- Exercise
Output, exactly and with no pictures, the line that contains "-(NSLayoutConstraint *)contentViewBottomConstraint;" and every line that comes after it in the data below, the last one included.

- Supplied information
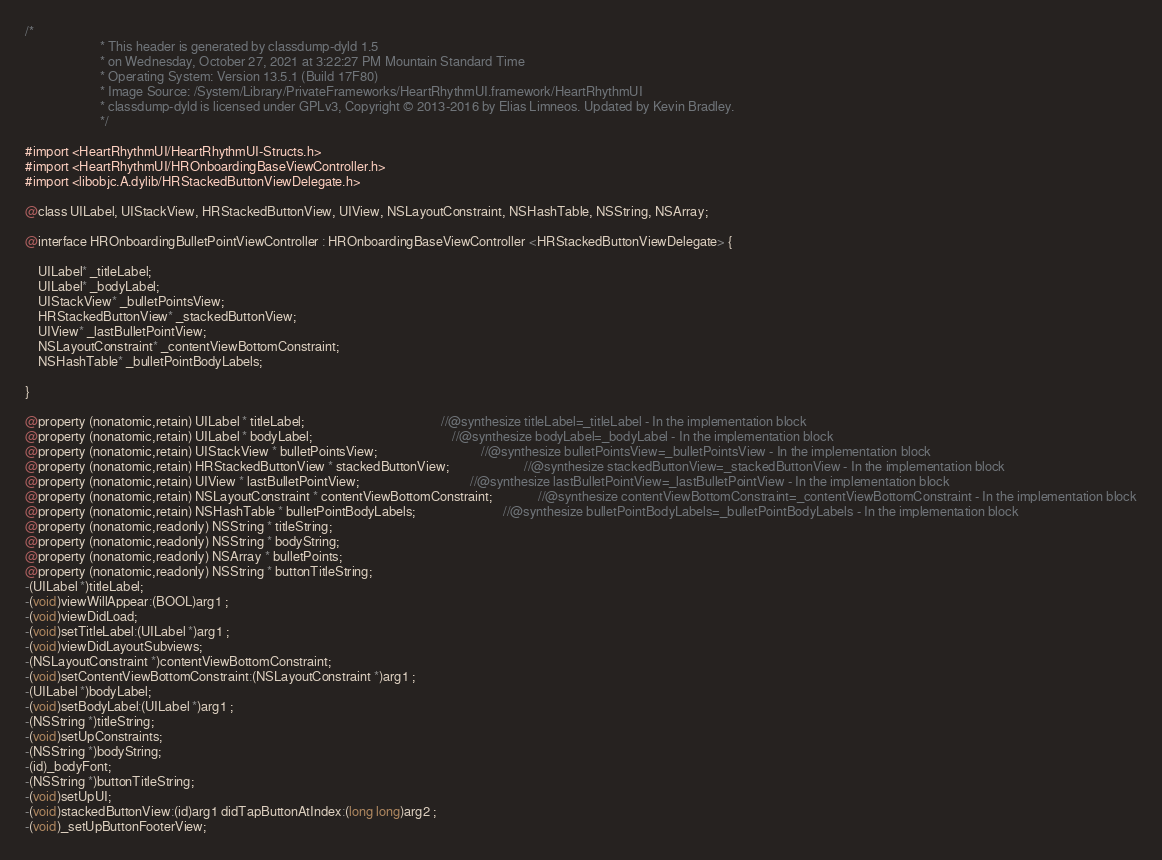Convert code to text. <code><loc_0><loc_0><loc_500><loc_500><_C_>/*
                       * This header is generated by classdump-dyld 1.5
                       * on Wednesday, October 27, 2021 at 3:22:27 PM Mountain Standard Time
                       * Operating System: Version 13.5.1 (Build 17F80)
                       * Image Source: /System/Library/PrivateFrameworks/HeartRhythmUI.framework/HeartRhythmUI
                       * classdump-dyld is licensed under GPLv3, Copyright © 2013-2016 by Elias Limneos. Updated by Kevin Bradley.
                       */

#import <HeartRhythmUI/HeartRhythmUI-Structs.h>
#import <HeartRhythmUI/HROnboardingBaseViewController.h>
#import <libobjc.A.dylib/HRStackedButtonViewDelegate.h>

@class UILabel, UIStackView, HRStackedButtonView, UIView, NSLayoutConstraint, NSHashTable, NSString, NSArray;

@interface HROnboardingBulletPointViewController : HROnboardingBaseViewController <HRStackedButtonViewDelegate> {

	UILabel* _titleLabel;
	UILabel* _bodyLabel;
	UIStackView* _bulletPointsView;
	HRStackedButtonView* _stackedButtonView;
	UIView* _lastBulletPointView;
	NSLayoutConstraint* _contentViewBottomConstraint;
	NSHashTable* _bulletPointBodyLabels;

}

@property (nonatomic,retain) UILabel * titleLabel;                                          //@synthesize titleLabel=_titleLabel - In the implementation block
@property (nonatomic,retain) UILabel * bodyLabel;                                           //@synthesize bodyLabel=_bodyLabel - In the implementation block
@property (nonatomic,retain) UIStackView * bulletPointsView;                                //@synthesize bulletPointsView=_bulletPointsView - In the implementation block
@property (nonatomic,retain) HRStackedButtonView * stackedButtonView;                       //@synthesize stackedButtonView=_stackedButtonView - In the implementation block
@property (nonatomic,retain) UIView * lastBulletPointView;                                  //@synthesize lastBulletPointView=_lastBulletPointView - In the implementation block
@property (nonatomic,retain) NSLayoutConstraint * contentViewBottomConstraint;              //@synthesize contentViewBottomConstraint=_contentViewBottomConstraint - In the implementation block
@property (nonatomic,retain) NSHashTable * bulletPointBodyLabels;                           //@synthesize bulletPointBodyLabels=_bulletPointBodyLabels - In the implementation block
@property (nonatomic,readonly) NSString * titleString; 
@property (nonatomic,readonly) NSString * bodyString; 
@property (nonatomic,readonly) NSArray * bulletPoints; 
@property (nonatomic,readonly) NSString * buttonTitleString; 
-(UILabel *)titleLabel;
-(void)viewWillAppear:(BOOL)arg1 ;
-(void)viewDidLoad;
-(void)setTitleLabel:(UILabel *)arg1 ;
-(void)viewDidLayoutSubviews;
-(NSLayoutConstraint *)contentViewBottomConstraint;
-(void)setContentViewBottomConstraint:(NSLayoutConstraint *)arg1 ;
-(UILabel *)bodyLabel;
-(void)setBodyLabel:(UILabel *)arg1 ;
-(NSString *)titleString;
-(void)setUpConstraints;
-(NSString *)bodyString;
-(id)_bodyFont;
-(NSString *)buttonTitleString;
-(void)setUpUI;
-(void)stackedButtonView:(id)arg1 didTapButtonAtIndex:(long long)arg2 ;
-(void)_setUpButtonFooterView;</code> 
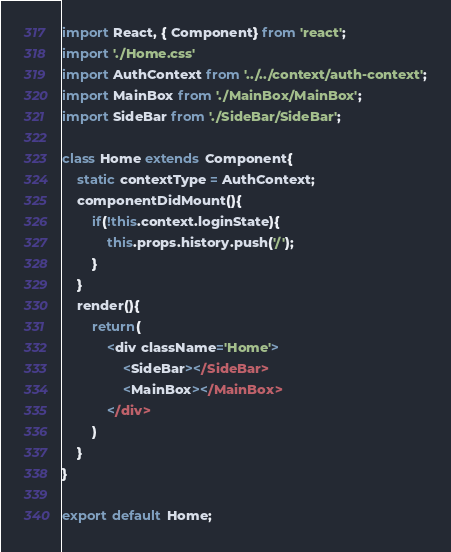Convert code to text. <code><loc_0><loc_0><loc_500><loc_500><_JavaScript_>import React, { Component} from 'react';
import './Home.css'
import AuthContext from '../../context/auth-context';
import MainBox from './MainBox/MainBox';
import SideBar from './SideBar/SideBar';

class Home extends Component{
    static contextType = AuthContext;
    componentDidMount(){
        if(!this.context.loginState){
            this.props.history.push('/');
        }
    }
    render(){
        return(
            <div className='Home'>
                <SideBar></SideBar>
                <MainBox></MainBox>
            </div>
        )
    }
}

export default Home;</code> 
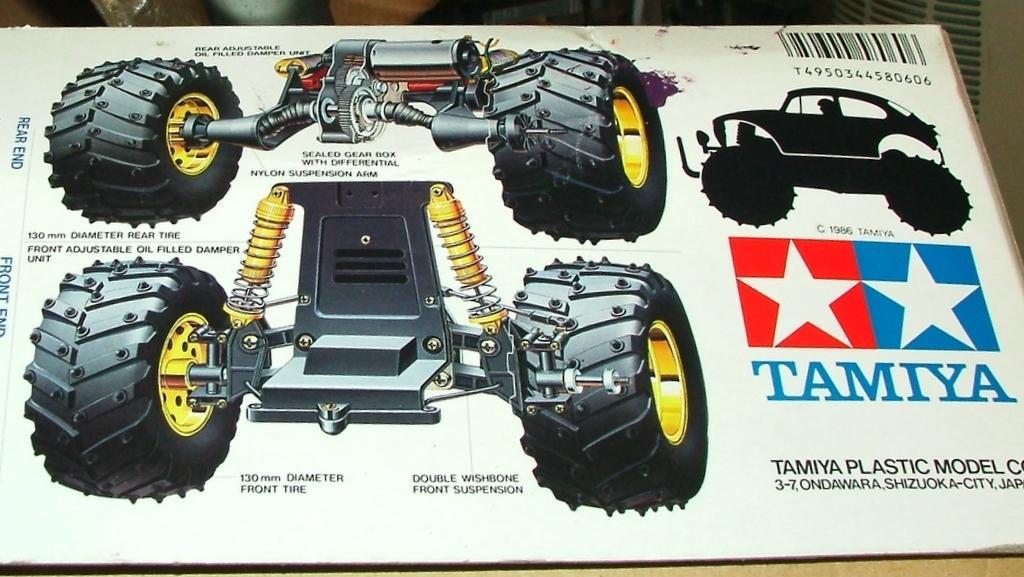In one or two sentences, can you explain what this image depicts? In the picture we can see a box on it, we can see a poster with some vehicle parts and wheels and a label TANYA written on it with two star symbols. 
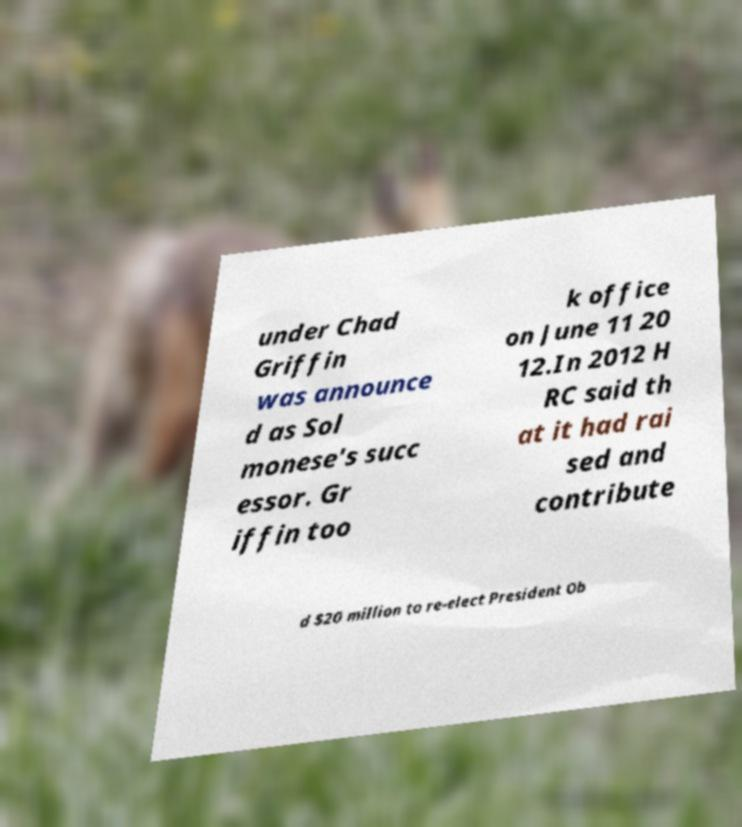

- Answer section
-(NSLayoutConstraint *)contentViewBottomConstraint;
-(void)setContentViewBottomConstraint:(NSLayoutConstraint *)arg1 ;
-(UILabel *)bodyLabel;
-(void)setBodyLabel:(UILabel *)arg1 ;
-(NSString *)titleString;
-(void)setUpConstraints;
-(NSString *)bodyString;
-(id)_bodyFont;
-(NSString *)buttonTitleString;
-(void)setUpUI;
-(void)stackedButtonView:(id)arg1 didTapButtonAtIndex:(long long)arg2 ;
-(void)_setUpButtonFooterView;</code> 
Convert code to text. <code><loc_0><loc_0><loc_500><loc_500><_JavaScript_>import React, { Component} from 'react';
import './Home.css'
import AuthContext from '../../context/auth-context';
import MainBox from './MainBox/MainBox';
import SideBar from './SideBar/SideBar';

class Home extends Component{
    static contextType = AuthContext;
    componentDidMount(){
        if(!this.context.loginState){
            this.props.history.push('/');
        }
    }
    render(){
        return(
            <div className='Home'>
                <SideBar></SideBar>
                <MainBox></MainBox>
            </div>
        )
    }
}

export default Home;</code> 
In one or two sentences, can you explain what this image depicts? In the picture we can see a box on it, we can see a poster with some vehicle parts and wheels and a label TANYA written on it with two star symbols. 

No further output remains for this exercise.